Trust the Uncomfortable Story

Early in my career, I was brought in to guide a new application server through its launch plan. On paper, it looked wrong. It didn’t fit the model of any of its competitors in its space. Instead of being built to leverage high-end hardware, it was a loosely cobbled together toolbox of capabilities. Internally, that was an uncomfortable story to tell. There was pressure to make it look and act like the "standard" winners in the market.

But when we took it to the field, that "uncomfortable" story was exactly what resonated with our customers. Components were allowed to shine in a distributed management platform that evolved as more Fortune 500 brands lined up. They didn't want a monolithic platform; they wanted the flexibility to enhance online shopping experiences with distributed management, security, and personalization that actually fit their workflow.

The product was a winner because we stopped trying to make it fit an internal narrative and started positioning it for the reality of the customer’s transaction-heavy world. It launched as a giant because the customers found their way to the truth before we did.

The Customer’s Voice is the North Star.

Full stop.

Let’s say it another way: The customer’s voice counts more.

One of the most dangerous things a startup can do is treat the Voice of the Customer (VOC) as just another "opinion" to be weighed against management’s gut feeling.

As long as what they are asking for aligns with the vision statement, their voice carries more weight than any single internal stakeholder. When we "cut the legs out" from under the customer by treating them as just one of many stakeholders, we destroy the trust required to build a lasting brand.

Patterns in the Noise: The Power of the Chorus

It’s easy for a "Shadow PM" to dismiss a single customer as an edge case. Expertise lies in recognizing the chorus. The real magic happens when you hear five different customers saying the same thing in five different ways.

To the untrained ear, disparate requests for "tools" rather than "features" might seem messy. To a seasoned eye, this is a pattern. When some people hear collection, I’d encourage you hear, "tools to aid the customer in getting their job done."

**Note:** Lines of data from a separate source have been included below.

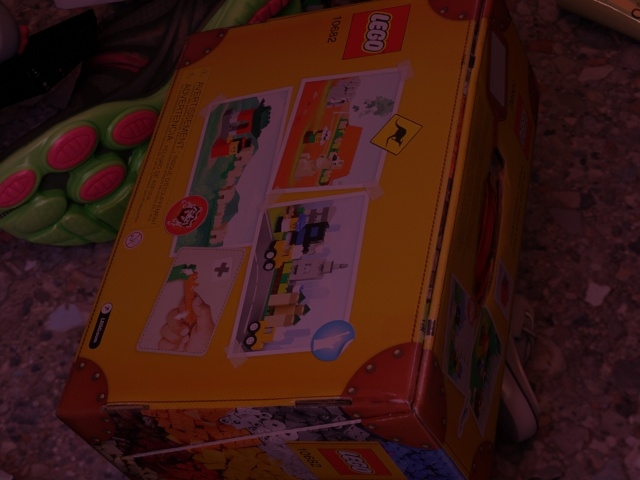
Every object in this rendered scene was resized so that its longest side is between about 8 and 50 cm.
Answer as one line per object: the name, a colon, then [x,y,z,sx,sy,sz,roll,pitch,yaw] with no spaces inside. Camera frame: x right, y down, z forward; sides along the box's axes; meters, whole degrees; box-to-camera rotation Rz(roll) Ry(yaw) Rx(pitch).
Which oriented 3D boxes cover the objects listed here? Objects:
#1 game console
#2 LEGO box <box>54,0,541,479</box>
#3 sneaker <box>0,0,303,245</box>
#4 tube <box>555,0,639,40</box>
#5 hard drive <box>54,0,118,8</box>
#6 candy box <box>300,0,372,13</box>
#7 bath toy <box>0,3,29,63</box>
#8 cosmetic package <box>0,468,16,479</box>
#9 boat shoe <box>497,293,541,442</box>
game console: [-0.411,-0.139,1.430,0.213,0.044,0.361,-7,36,50]
LEGO box: [0.000,0.000,1.260,0.372,0.193,0.500,-5,53,27]
sneaker: [-0.223,-0.167,1.521,0.202,0.185,0.483,21,53,42]
tube: [0.428,-0.291,1.612,0.240,0.062,0.070,28,100,17]
hard drive: [-0.203,-0.391,1.647,0.203,0.040,0.307,-4,30,20]
candy box: [0.057,-0.465,1.597,0.122,0.317,0.268,9,51,-19]
bath toy: [-0.482,-0.228,1.499,0.348,0.151,0.129,-9,6,42]
cosmetic package: [-0.407,0.245,1.229,0.238,0.127,0.107,21,57,21]
boat shoe: [0.187,0.092,1.324,0.088,0.096,0.267,-19,46,-4]
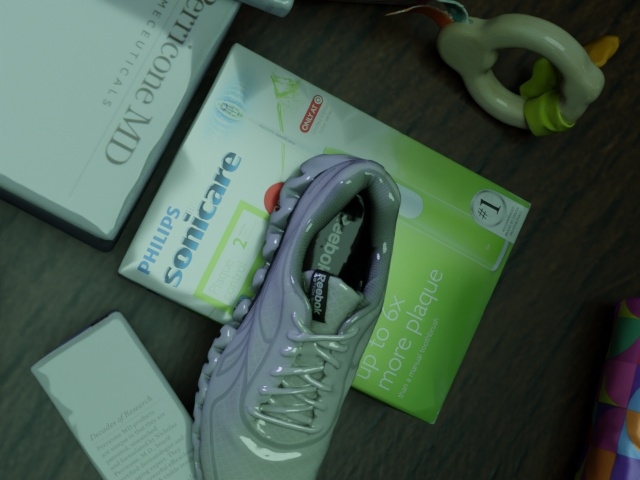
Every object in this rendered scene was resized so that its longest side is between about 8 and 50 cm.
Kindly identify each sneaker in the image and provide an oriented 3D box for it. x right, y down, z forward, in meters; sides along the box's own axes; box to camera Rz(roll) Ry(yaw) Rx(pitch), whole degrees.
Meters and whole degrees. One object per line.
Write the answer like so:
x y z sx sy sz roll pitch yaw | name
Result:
-0.015 0.073 0.636 0.110 0.118 0.292 17 87 -13 | sneaker

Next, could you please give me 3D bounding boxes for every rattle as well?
0.177 -0.202 0.830 0.200 0.130 0.142 33 78 3 | rattle

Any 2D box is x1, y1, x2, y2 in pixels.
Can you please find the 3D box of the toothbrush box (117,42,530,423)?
0.000 0.000 0.762 0.283 0.122 0.206 28 81 -9 | toothbrush box

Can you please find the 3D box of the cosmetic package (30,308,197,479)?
-0.135 0.172 0.720 0.085 0.117 0.231 -35 94 -15 | cosmetic package

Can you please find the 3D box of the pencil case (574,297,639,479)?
0.300 0.168 0.835 0.104 0.104 0.236 20 82 -12 | pencil case

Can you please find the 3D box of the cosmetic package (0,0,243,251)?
-0.312 -0.195 0.680 0.453 0.161 0.230 28 80 -11 | cosmetic package

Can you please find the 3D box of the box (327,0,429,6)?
0.040 -0.373 0.785 0.154 0.142 0.299 -1 86 -14 | box

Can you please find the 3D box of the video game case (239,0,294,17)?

When you find these patterns, bring them together:

  • Synthesize the "Why": Group these disparate voices into a single problem statement. Show management that this isn't about one "whiny" user; it’s about a market segment hitting a wall.

  • The "Customer Council" Effect: If you’re unsure, bring these customers together. Ask, "I’m hearing 'X' from others, does that resonate with your friction?"

  • Watch Them Work: You cannot understand a customer until you see their "hacks." If multiple customers are using the same set of tools to solve a core problem, you’ve found your winner.

Communicating Expertise in the Chaos

If people don't understand what you do, it's likely because you’re speaking "Product" while they’re speaking whatever language is easiest for them to understand. I recommend working with your "Shadow PMs" separately. Sit with them one-on-one. Show them the architected path you’ve built alongside the people actually paying the bills. When you show management that the world’s biggest brands are choosing to listen to their customers as opposed to delivering something cool, the internal "gut feeling" seems a lot less relevant.

Stay Sane, Stay Curious

I’ve failed at this before. I’ve been the person who got frustrated because a founder didn't follow the "standard" product process. But being an expert is an opportunity to try new things, not be a gatekeeper.

Embrace the unpolished energy of the startup. Use your knowledge to provide the winch and the recovery gear when things get stuck, but stay open to new ways of navigating. Your sanity returns the moment you stop trying to control the people in the car and start focusing on the destination the customer is trying to reach.

Eyes on the trail

The road is bumpy, and the cabin is loud. But if you keep the customer’s voice, and the patterns within that voice—as your primary driver, you’ll find that the "Shadow PMs" eventually stop grabbing for the wheel and start looking to you for the route.

How do you handle it when your customer data tells a story that management finds "uncomfortable"?